Thursday, October 13, 2011

A Leap of Truth, Part 6: History of a Worldview


August 3, 2011

This week we feature the next clip from the upcoming documentary “A Leap of Truth”, directed by filmmaker Ryan Pettey. As Ryan wrote in his accompanying post for the film’s first clip, our goal for the film is to put something proactive on the table to help motivate an elevated conversation above the unnecessary “war” between science and faith. It is our sincere hope that, above all else, the film can become a focal point for some of the big questions that inevitably arise at the intersection of science and faith. We believe Ryan's work will inform faith and enrich discussion.

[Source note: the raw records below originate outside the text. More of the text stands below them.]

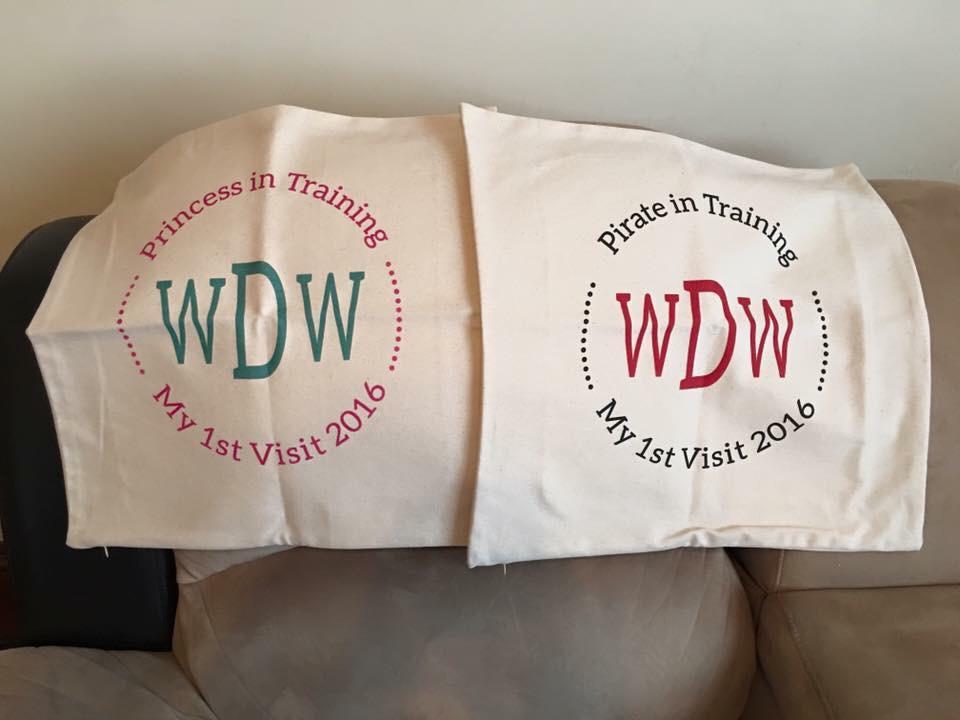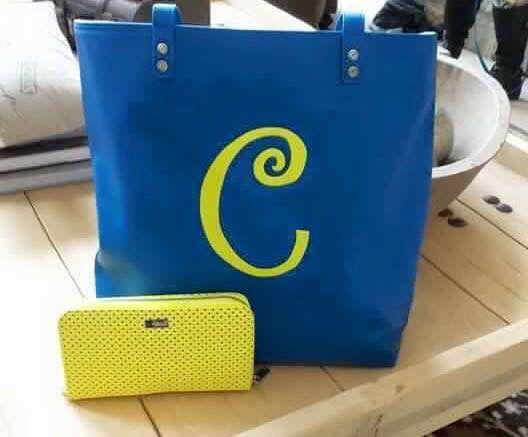The first image is the image on the left, the second image is the image on the right. Considering the images on both sides, is "There are an even number of pillows and no people." valid? Answer yes or no. No. The first image is the image on the left, the second image is the image on the right. Examine the images to the left and right. Is the description "The large squarish item in the foreground of one image is stamped at the center with a single alphabet letter." accurate? Answer yes or no. Yes. 
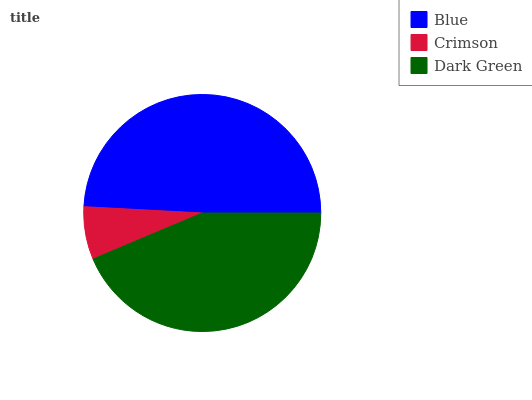Is Crimson the minimum?
Answer yes or no. Yes. Is Blue the maximum?
Answer yes or no. Yes. Is Dark Green the minimum?
Answer yes or no. No. Is Dark Green the maximum?
Answer yes or no. No. Is Dark Green greater than Crimson?
Answer yes or no. Yes. Is Crimson less than Dark Green?
Answer yes or no. Yes. Is Crimson greater than Dark Green?
Answer yes or no. No. Is Dark Green less than Crimson?
Answer yes or no. No. Is Dark Green the high median?
Answer yes or no. Yes. Is Dark Green the low median?
Answer yes or no. Yes. Is Crimson the high median?
Answer yes or no. No. Is Crimson the low median?
Answer yes or no. No. 
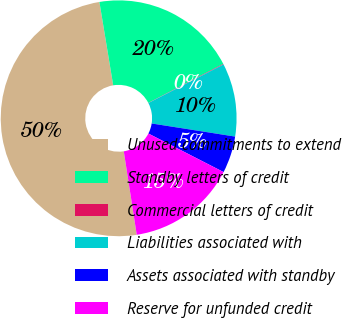Convert chart. <chart><loc_0><loc_0><loc_500><loc_500><pie_chart><fcel>Unused commitments to extend<fcel>Standby letters of credit<fcel>Commercial letters of credit<fcel>Liabilities associated with<fcel>Assets associated with standby<fcel>Reserve for unfunded credit<nl><fcel>49.84%<fcel>19.98%<fcel>0.08%<fcel>10.03%<fcel>5.06%<fcel>15.01%<nl></chart>

To help foster such dialogue, we are once again including several discussion questions with this week’s clip. In the transcript below, you’ll find several prompts that are meant to help viewers dig deeper into the material being presented. Mouse over each highlighted region and a question will appear on the side. We encourage you to "pull up" this page and watch this video with your friends, your churches, your small groups and Sunday School classes, your pastors -- or anyone else for that matter – and take some time to discuss what is being said (and maybe even what isn’t). It is best to think about this in groups. You may not all agree, but you will find yourselves engaged in fruitful and spirited conversation. And it is this kind of conversation that will help move the science and faith discussion forward.



Click link above to view video


Bishop N.T. Wright: “The debate such as has happened between so-called science and so-called faith, has a lot of quite murky roots. In the 18th century in my country, for instance, one person I happen to know a little bit about is Charles Darwin’s grandfather, Erasmus Darwin, because I once lived in Litchfield, which is where he lived. Litchfield, in the eighteenth century was one of the small, buzzy, intellectual centers of Britain, and those guys were already exploring their scientific experiments within basically, what I have called, an Epicurean universe and it says in Epicureanism, ‘God and the world or the gods and the world are a long way apart, God is not involved in the world—if there is a God—and so we just have to explore the world as it is.’ That goes with the philosophy called Deism where you have an absentee landlord God.

The 18th century was a way of simplifying certain questions: ‘Alright, God is out of the mix, now we can just do our experiments…but, as we do our experiments, if God is out of the mix, then when we observe change going on in the world, it must be a change which has happened from within the processes of the world. When Charles Darwin went on his boat off to the Galapagos and studied these things and those things and finches and turtles and goodness knows what, that was fantastic and extraordinary and mind blowing, but the philosophical framework within which he interpreted that was one that his grandfather had been working on two generations before (and so had lots of other people): the idea that God was out of the picture and that what you had was evolution [and] development of an explicitly godless kind, a God-out-of-the-picture kind. The problem is that in America even more than Britain—and it was quite true in Britain as well in the 19th century—the Deism of people like Thomas Jefferson, had split off God from the world for political reasons because once God is out of the picture, then we are free to develop whatever sort of empire, whatever sort of power we want. Sadly, the church colluded with this because the church basically treated Christianity as a sort of escape from this world off to this distant God, and you have that in spirituality which is not anchored and earthed in social reality…

And you have it in a soteriology, a theory of how you get saved, which is that you leave this world, and you go off to be with that God; neither of those is actually Biblical. In the Bible, God and the world, heaven and earth kind of mesh together, and you find Jesus in the middle of that, and the Bible in the middle of that, and you should find yourself in the middle of that. Part of the point of being a Christian is that we are meant to be living at those strange, overlap points of heaven and earth—that is what prayer is all about, that is what the sacraments are all about, that is actually what ministering to the poor in Jesus’ name is all about. As Jesus himself said, ‘If you do it to the least of these, you do it to me.’ There is a sense of overlap and that actually makes life much more complicated.

It seems to me you need to unpick all of that, you need to understand how we got where we got before you even get to Scopes and monkeys and, you know, court cases, and so on, because those court cases are just misunderstood before they even start because of all that worldview baggage that is coming to us from the eighteenth and nineteenth century. We need to relocate the question as between devout Christians here and eager scientists there. We need to relocate that question within this much larger understanding of where our culture has been [and] where it might now be going. Otherwise, it will become a dialogue of the deaf or a battle in the dark, as it were.”